→ DATA FOR PROCESSING:
+-------+
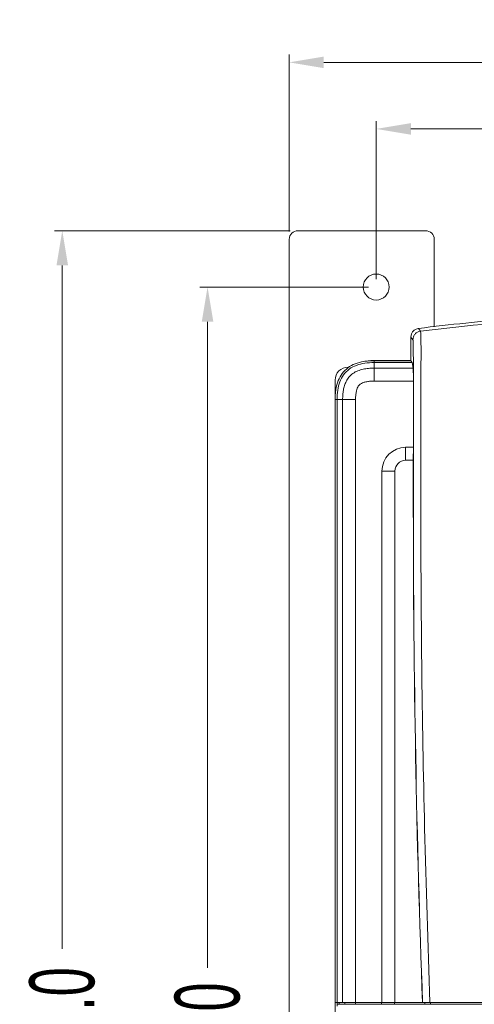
# Model space of a CAD drawing. Header units: millimetres. Extents: x -473 to 23648, y -382 to 1866.
# Tile 188 of 256: x 6138 to 6243, y 235 to 462. Entities that reach past the tile are written whole.
import ezdxf

# ---------------------------------------------------------------- set-up
doc = ezdxf.new("R2010")
doc.units = ezdxf.units.MM
doc.header["$LTSCALE"] = 80
doc.header["$PDMODE"] = 3
doc.header["$PDSIZE"] = 0.3
doc.layers.get('0').update_dxf_attribs({"linetype": 'CONTINUOUS'})
doc.layers.get('DEFPOINTS').update_dxf_attribs({"linetype": 'CONTINUOUS'})
for name, color, linetype in [('02___PRT_ALL_AXES', 7, 'CONTINUOUS'), ('03_ALL_AXES', 7, 'CONTINUOUS'), ('09_ALL_ROUNDS', 7, 'CONTINUOUS'), ('20_ALL_FEATURES', 7, 'CONTINUOUS')]:
    doc.layers.add(name, color=color, linetype=linetype)
doc.styles.get("Standard").update_dxf_attribs({"font": 'technic_.ttf', "width": 0.7})
doc.dimstyles.get("Standard").update_dxf_attribs({"dimtxt": 3, "dimasz": 3, "dimexe": 0.18, "dimexo": 0.0625, "dimgap": 0.09, "dimtad": 1, "dimdsep": 46, "dimtxsty": 'STANDARD', "dimcen": 0.09, "dimadec": 0, "dimazin": 0, "dimtol": 1, "dimtp": 0.01, "dimtm": 0.01, "dimtfac": 1, "dimtofl": 0, "dimtmove": 0, "dimatfit": 3, "dimfxl": 1, "dimtolj": 1, "dimarcsym": 0})

# ---------------------------------------------------------------- blocks, each defined once
blk = doc.blocks.new('*D41')
at = {"color": 0, "lineweight": 0, "transparency": 16777216}
for p, q in [((6218.16, 400.09), (6179.21, 400.09)), ((6181.01, 392.09), (6181.01, 243.05)), ((6181.01, 57.09), (6181.01, 206.12)), ((6218.16, 49.09), (6179.21, 49.09))]:
    blk.add_line(p, q, dxfattribs=at)
for points in [[(6182.34, 392.09), (6179.67, 392.09), (6181.01, 400.09)], [(6179.67, 57.09), (6182.34, 57.09), (6181.01, 49.09)]]:
    blk.add_solid(points, dxfattribs=at)
at = {"layer": 'DEFPOINTS', "color": 0, "lineweight": 0, "transparency": 16777216}
for p in [(6219.96, 400.09), (6181.01, 49.09), (6219.96, 49.09)]:
    blk.add_point(p, dxfattribs=at)
at = {"color": 0, "lineweight": 0, "transparency": 16777216, "insert": (6181.01, 224.59), "char_height": 15, "attachment_point": 5, "rotation": 90}
blk.add_mtext('\\A1;351.0', dxfattribs=at)
blk = doc.blocks.new('*D42')
at = {"color": 0, "lineweight": 0, "transparency": 16777216}
for p, q in [((6200.06, 413.09), (6145.65, 413.09)), ((6147.45, 405.09), (6147.45, 247.43)), ((6147.45, 51.09), (6147.45, 208.75)), ((6200.06, 43.09), (6145.65, 43.09))]:
    blk.add_line(p, q, dxfattribs=at)
for points in [[(6148.79, 405.09), (6146.12, 405.09), (6147.45, 413.09)], [(6146.12, 51.09), (6148.79, 51.09), (6147.45, 43.09)]]:
    blk.add_solid(points, dxfattribs=at)
at = {"layer": 'DEFPOINTS', "color": 0, "lineweight": 0, "transparency": 16777216}
for p in [(6201.86, 413.09), (6147.45, 43.09), (6201.86, 43.09)]:
    blk.add_point(p, dxfattribs=at)
at = {"color": 0, "lineweight": 0, "transparency": 16777216, "insert": (6147.45, 228.09), "char_height": 15, "attachment_point": 5, "rotation": 90}
blk.add_mtext('\\A1;370.0', dxfattribs=at)
blk = doc.blocks.new('*D45')
at = {"color": 0, "lineweight": 0, "transparency": 16777216}
for p, q in [((6199.86, 412.89), (6199.86, 453.72)), ((6391.06, 412.89), (6391.06, 453.72)), ((6207.86, 451.92), (6277.87, 451.92)), ((6383.06, 451.92), (6313.05, 451.92))]:
    blk.add_line(p, q, dxfattribs=at)
for points in [[(6207.86, 453.26), (6207.86, 450.59), (6199.86, 451.92)], [(6383.06, 450.59), (6383.06, 453.26), (6391.06, 451.92)]]:
    blk.add_solid(points, dxfattribs=at)
at = {"layer": 'DEFPOINTS', "color": 0, "lineweight": 0, "transparency": 16777216}
for p in [(6391.06, 451.92), (6199.86, 411.09), (6391.06, 411.09)]:
    blk.add_point(p, dxfattribs=at)
at = {"color": 0, "lineweight": 0, "transparency": 16777216, "insert": (6295.46, 451.92), "char_height": 15, "attachment_point": 5}
blk.add_mtext('\\A1;191.2', dxfattribs=at)
blk = doc.blocks.new('*D51')
at = {"color": 0, "lineweight": 0, "transparency": 16777216}
for p, q in [((6219.96, 401.89), (6219.96, 438.36)), ((6227.96, 436.56), (6278.75, 436.56)), ((6362.96, 436.56), (6312.18, 436.56)), ((6370.96, 401.89), (6370.96, 438.36))]:
    blk.add_line(p, q, dxfattribs=at)
for points in [[(6227.96, 437.9), (6227.96, 435.23), (6219.96, 436.56)], [(6362.96, 435.23), (6362.96, 437.9), (6370.96, 436.56)]]:
    blk.add_solid(points, dxfattribs=at)
at = {"layer": 'DEFPOINTS', "color": 0, "lineweight": 0, "transparency": 16777216}
for p in [(6370.96, 436.56), (6219.96, 400.09), (6370.96, 400.09)]:
    blk.add_point(p, dxfattribs=at)
at = {"color": 0, "lineweight": 0, "transparency": 16777216, "insert": (6295.46, 436.56), "char_height": 15, "attachment_point": 5}
blk.add_mtext('\\A1;151.0', dxfattribs=at)

msp = doc.modelspace()

# ---------------------------------------------------------------- linework, layer by layer
at = {"linetype": 'Continuous', "lineweight": 0}
msp.add_line((6227.497, 383.103), (6218.964, 383.103), dxfattribs=at)
msp.add_open_spline([(6227.749, 383.17), (6227.674, 383.127), (6227.584, 383.103), (6227.497, 383.103)], degree=3, dxfattribs=at)
msp.add_open_spline([(6227.987, 383.495), (6227.976, 383.446), (6227.927, 383.316), (6227.824, 383.213), (6227.749, 383.17)], degree=3, knots=[0, 0, 0, 0, 0.15202848, 0.41134263, 0.41134263, 0.41134263, 0.41134263], dxfattribs=at)
at = {"layer": '02___PRT_ALL_AXES', "linetype": 'Continuous', "lineweight": 0}
for p, q in [((6227.971, 388.556), (6227.971, 383.093)), ((6227.971, 388.556), (6228.202, 388.238)), ((6229.727, 390.541), (6229.977, 390.197)), ((6229.977, 390.197), (6230.19, 389.905)), ((6228.202, 388.238), (6228.433, 387.92)), ((6219.464, 378.374), (6219.464, 383.093)), ((6219.464, 383.093), (6227.971, 383.093)), ((6219.464, 382.656), (6228.262, 382.656)), ((6227.971, 383.093), (6228.262, 382.656)), ((6228.501, 381.361), (6228.262, 382.656)), ((6228.501, 381.361), (6219.464, 381.361)), ((6228.548, 378.374), (6219.464, 378.374)), ((6228.548, 378.374), (6228.548, 363.103)), ((6210.911, 374.103), (6210.475, 374.103)), ((6210.911, 374.103), (6212.207, 374.104)), ((6215.193, 374.103), (6212.207, 374.103)), ((6228.555, 368.603), (6228.555, 348.603)), ((6230.27, 368.603), (6230.27, 348.603)), ((6226.764, 363.103), (6228.548, 363.103)), ((6226.764, 360.103), (6226.764, 363.103)), ((6228.534, 360.103), (6228.548, 363.103)), ((6228.534, 360.103), (6226.764, 360.103)), ((6228.534, 348.603), (6228.534, 360.103)), ((6224.264, 357.603), (6221.264, 357.603)), ((6228.534, 348.603), (6228.555, 348.603))]:
    msp.add_line(p, q, dxfattribs=at)
for centre, radius, start, end in [((6295.478, -144.807), 538.683, 90.0015, 96.96136), ((6229.972, 388.556), 2, 159.24714, 180.00082), ((6229.971, 388.556), 1.999, 98.4408, 159.24819), ((6229.97, 388.563), 1.993, 97.01273, 98.44741), ((6219.389, 367.825), 15.266, 91.58223, 94.8512), ((6219.46, 365.581), 17.512, 89.98582, 91.6129), ((6225.737, 374.179), 15.261, 175.13464, 178.41816), ((6227.986, 374.107), 17.512, 178.38711, 180.01418), ((6226.764, 357.603), 5.5, 90, 180), ((6226.764, 357.603), 2.5, 90, 180)]:
    msp.add_arc(centre, radius, start, end, dxfattribs=at)
for points, knots in [([(6295.464, 394.568), (6288.144, 394.568), (6273.497, 394.269), (6251.567, 392.926), (6236.993, 391.434), (6229.727, 390.541)], [0, 0, 0, 0, 21.9620141, 43.9339203, 65.8975187, 65.8975187, 65.8975187, 65.8975187]), ([(6230.19, 389.905), (6229.952, 389.876), (6229.481, 389.729), (6228.903, 389.274), (6228.521, 388.645), (6228.433, 388.16), (6228.433, 387.92)], [0, 0, 0, 0, 0.7204544, 1.4409408, 2.1613797, 2.8817154, 2.8817154, 2.8817154, 2.8817154]), ([(6230.19, 389.905), (6230.221, 389.859), (6230.226, 389.649), (6230.269, 389.217), (6230.278, 388.475), (6230.303, 387.413), (6230.311, 386.004), (6230.312, 384.26), (6230.303, 382.233), (6230.293, 379.961), (6230.284, 377.458), (6230.276, 374.723), (6230.271, 371.745), (6230.27, 369.679), (6230.27, 368.603)], [0, 0, 0, 0, 0.1638316, 0.5941868, 1.3362269, 2.3664606, 3.7914779, 5.5595797, 7.5980895, 9.8723535, 12.3756261, 15.1077119, 18.0793061, 21.3071585, 21.3071585, 21.3071585, 21.3071585]), ([(6228.433, 387.92), (6228.453, 387.892), (6228.464, 387.764), (6228.494, 387.49), (6228.506, 386.995), (6228.521, 386.271), (6228.529, 385.305), (6228.536, 384.126), (6228.542, 382.763), (6228.546, 381.239), (6228.549, 379.555), (6228.551, 377.708), (6228.553, 375.692), (6228.554, 373.498), (6228.555, 371.115), (6228.555, 369.463), (6228.555, 368.603)], [0, 0, 0, 0, 0.1044321, 0.3642668, 0.8470248, 1.5731082, 2.5459979, 3.7420471, 5.1097905, 6.6341957, 8.3157876, 10.1613837, 12.1752982, 14.3649538, 16.7426845, 19.3224052, 19.3224052, 19.3224052, 19.3224052]), ([(6210.531, 375.473), (6210.559, 375.805), (6210.684, 376.83), (6211.1, 378.456), (6212.035, 380.188), (6213.384, 381.536), (6215.115, 382.468), (6216.741, 382.884), (6217.766, 383.008), (6218.098, 383.037)], [0, 0, 0, 0, 0.9994236, 3.0946273, 4.997581, 6.830265, 8.7321641, 10.8270984, 11.8262178, 11.8262178, 11.8262178, 11.8262178]), ([(6219.464, 382.656), (6218.741, 382.656), (6217.356, 382.573), (6215.398, 382.104), (6213.693, 381.227), (6212.354, 379.895), (6211.47, 378.187), (6210.995, 376.222), (6210.911, 374.83), (6210.911, 374.103)], [0, 0, 0, 0, 2.1695937, 4.1441219, 6.0004125, 7.8509004, 9.7130447, 11.6950106, 13.8768591, 13.8768591, 13.8768591, 13.8768591]), ([(6219.464, 381.361), (6219.028, 381.361), (6218.173, 381.325), (6216.913, 381.143), (6215.692, 380.791), (6214.549, 380.2), (6213.627, 379.352), (6213.003, 378.363), (6212.608, 377.347), (6212.366, 376.304), (6212.233, 375.22), (6212.207, 374.481), (6212.207, 374.104)], [0, 0, 0, 0, 1.3087079, 2.5620453, 3.8129584, 5.1041718, 6.3866727, 7.5183676, 8.5833708, 9.6421325, 10.7233465, 11.8563762, 11.8563762, 11.8563762, 11.8563762]), ([(6228.501, 381.361), (6228.514, 381.291), (6228.516, 381.068), (6228.533, 380.63), (6228.54, 379.996), (6228.547, 379.222), (6228.548, 378.665), (6228.548, 378.374)], [0, 0, 0, 0, 0.2121871, 0.6641464, 1.317207, 2.1145162, 2.9874475, 2.9874475, 2.9874475, 2.9874475]), ([(6219.464, 378.374), (6219.122, 378.374), (6218.479, 378.349), (6217.591, 378.223), (6216.864, 378.019), (6216.313, 377.749), (6215.928, 377.401), (6215.666, 376.966), (6215.46, 376.423), (6215.308, 375.753), (6215.213, 374.965), (6215.193, 374.401), (6215.193, 374.103)], [0, 0, 0, 0, 1.0275563, 1.9261999, 2.685198, 3.2855594, 3.7479804, 4.2216001, 4.7933598, 5.4836311, 6.2780975, 7.1729132, 7.1729132, 7.1729132, 7.1729132])]:
    msp.add_open_spline(points, degree=3, knots=knots, dxfattribs=at)
at = {"layer": '03_ALL_AXES', "linetype": 'Continuous', "lineweight": 0}
msp.add_circle((6219.964, 400.089), 3, dxfattribs=at)
at = {"layer": '09_ALL_ROUNDS', "linetype": 'Continuous', "lineweight": 0}
for p, q in [((6231.364, 413.089), (6201.864, 413.089)), ((6199.864, 45.089), (6199.864, 411.089)), ((6233.364, 411.089), (6233.364, 390.913)), ((6213.464, 381.603), (6213.7, 381.603)), ((6210.464, 378.603), (6210.464, 374.603))]:
    msp.add_line(p, q, dxfattribs=at)
for centre, radius, start, end in [((6201.864, 411.089), 2, 90, 180), ((6231.364, 411.089), 2, 0, 90), ((6213.464, 378.603), 3, 90, 180)]:
    msp.add_arc(centre, radius, start, end, dxfattribs=at)
at = {"layer": '20_ALL_FEATURES', "linetype": 'Continuous', "lineweight": 0}
for p, q in [((6210.464, 374.603), (6210.464, 112.571)), ((6210.475, 235.003), (6210.475, 374.103)), ((6210.911, 374.103), (6210.911, 235.003)), ((6212.207, 374.104), (6212.207, 235.003)), ((6215.193, 234.603), (6215.193, 374.103)), ((6221.264, 357.603), (6221.264, 235.003)), ((6224.264, 357.603), (6224.264, 235.003)), ((6210.964, 235.003), (6210.964, 234.193)), ((6210.975, 234.603), (6210.975, 235.003)), ((6211.411, 234.603), (6211.411, 235.003)), ((6212.705, 234.603), (6212.705, 235.003)), ((6221.199, 234.603), (6221.199, 235.003)), ((6224.199, 234.603), (6224.199, 235.003)), ((6231.157, 234.603), (6231.157, 235.003)), ((6231.187, 234.603), (6231.187, 235.003)), ((6232.465, 234.603), (6232.465, 235.003))]:
    msp.add_line(p, q, dxfattribs=at)
at = {"layer": '20_ALL_FEATURES', "color": 7, "linetype": 'Continuous', "lineweight": 0}
for p, q in [((6210.475, 235.003), (6380.454, 235.003)), ((6210.975, 234.603), (6379.954, 234.603))]:
    msp.add_line(p, q, dxfattribs=at)
at = {"layer": '20_ALL_FEATURES', "linetype": 'Continuous', "lineweight": 0}
for centre, radius, start, end in [((6218.964, 374.603), 8.5, 90, 95.94707), ((6218.964, 374.603), 8.5, 174.02889, 180), ((9277.964, 348.603), 3049.43, 180, 182.134926), ((9277.964, 348.603), 3049.409, 179.999998, 182.134941)]:
    msp.add_arc(centre, radius, start, end, dxfattribs=at)
msp.add_open_spline([(6230.27, 348.603), (6230.27, 336.772), (6230.412, 312.316), (6231.086, 274.446), (6231.881, 248.413), (6232.379, 235.003)], degree=3, knots=[0, 0, 0, 0, 35.4937337, 73.3677119, 113.6253716, 113.6253716, 113.6253716, 113.6253716], dxfattribs=at)

# ---------------------------------------------------------------- dimensions: what is measured, and where the dimension line sits
at = {"color": 3, "lineweight": 0}
for base, p1, p2, picture, middle in [((6391.064, 451.922), (6199.864, 411.089), (6391.064, 411.089), '*D45', (6295.464, 451.922)), ((6370.964, 436.564), (6219.964, 400.089), (6370.964, 400.089), '*D51', (6295.464, 436.564))]:
    dim = msp.add_linear_dim(base=base, p1=p1, p2=p2, dimstyle='STANDARD', override={"dimtxt": 15, "dimasz": 8, "dimexe": 1.8, "dimexo": 1.8, "dimtad": 0, "dimdec": 1, "dimzin": 0, "dimdsep": 0, "dimcen": 0.5, "dimtol": 0, "dimtdec": 4, "dimtzin": 0, "dimlwd": 0, "dimlwe": 0}, dxfattribs=at)
    dim.commit()
    dim.dimension.update_dxf_attribs({"geometry": picture, "text_midpoint": middle})
for base, p1, p2, picture, middle in [((6147.454, 43.089), (6201.864, 413.089), (6201.864, 43.089), '*D42', (6147.454, 228.089)), ((6181.008, 49.089), (6219.964, 400.089), (6219.964, 49.089), '*D41', (6181.008, 224.589))]:
    dim = msp.add_linear_dim(base=base, p1=p1, p2=p2, angle=90, dimstyle='STANDARD', override={"dimtxt": 15, "dimasz": 8, "dimexe": 1.8, "dimexo": 1.8, "dimtad": 0, "dimdec": 1, "dimzin": 0, "dimdsep": 0, "dimcen": 0.5, "dimtol": 0, "dimtdec": 4, "dimtzin": 0, "dimlwd": 0, "dimlwe": 0}, dxfattribs=at)
    dim.commit()
    dim.dimension.update_dxf_attribs({"geometry": picture, "text_midpoint": middle, "dimtype": 160})

doc.saveas('drawing.dxf')
+-------+
→ WORK INSTRUCTION:
Exactly and only the lines from the top of the records down to the line containing "blk = doc.blocks.new('*D42')" should be transcribed, please, without the pictures.

→ EXERCISE RESPONSE:
# Model space of a CAD drawing. Header units: millimetres. Extents: x -473 to 23648, y -382 to 1866.
# Tile 188 of 256: x 6138 to 6243, y 235 to 462. Entities that reach past the tile are written whole.
import ezdxf

# ---------------------------------------------------------------- set-up
doc = ezdxf.new("R2010")
doc.units = ezdxf.units.MM
doc.header["$LTSCALE"] = 80
doc.header["$PDMODE"] = 3
doc.header["$PDSIZE"] = 0.3
doc.layers.get('0').update_dxf_attribs({"linetype": 'CONTINUOUS'})
doc.layers.get('DEFPOINTS').update_dxf_attribs({"linetype": 'CONTINUOUS'})
for name, color, linetype in [('02___PRT_ALL_AXES', 7, 'CONTINUOUS'), ('03_ALL_AXES', 7, 'CONTINUOUS'), ('09_ALL_ROUNDS', 7, 'CONTINUOUS'), ('20_ALL_FEATURES', 7, 'CONTINUOUS')]:
    doc.layers.add(name, color=color, linetype=linetype)
doc.styles.get("Standard").update_dxf_attribs({"font": 'technic_.ttf', "width": 0.7})
doc.dimstyles.get("Standard").update_dxf_attribs({"dimtxt": 3, "dimasz": 3, "dimexe": 0.18, "dimexo": 0.0625, "dimgap": 0.09, "dimtad": 1, "dimdsep": 46, "dimtxsty": 'STANDARD', "dimcen": 0.09, "dimadec": 0, "dimazin": 0, "dimtol": 1, "dimtp": 0.01, "dimtm": 0.01, "dimtfac": 1, "dimtofl": 0, "dimtmove": 0, "dimatfit": 3, "dimfxl": 1, "dimtolj": 1, "dimarcsym": 0})

# ---------------------------------------------------------------- blocks, each defined once
blk = doc.blocks.new('*D41')
at = {"color": 0, "lineweight": 0, "transparency": 16777216}
for p, q in [((6218.16, 400.09), (6179.21, 400.09)), ((6181.01, 392.09), (6181.01, 243.05)), ((6181.01, 57.09), (6181.01, 206.12)), ((6218.16, 49.09), (6179.21, 49.09))]:
    blk.add_line(p, q, dxfattribs=at)
for points in [[(6182.34, 392.09), (6179.67, 392.09), (6181.01, 400.09)], [(6179.67, 57.09), (6182.34, 57.09), (6181.01, 49.09)]]:
    blk.add_solid(points, dxfattribs=at)
at = {"layer": 'DEFPOINTS', "color": 0, "lineweight": 0, "transparency": 16777216}
for p in [(6219.96, 400.09), (6181.01, 49.09), (6219.96, 49.09)]:
    blk.add_point(p, dxfattribs=at)
at = {"color": 0, "lineweight": 0, "transparency": 16777216, "insert": (6181.01, 224.59), "char_height": 15, "attachment_point": 5, "rotation": 90}
blk.add_mtext('\\A1;351.0', dxfattribs=at)
blk = doc.blocks.new('*D42')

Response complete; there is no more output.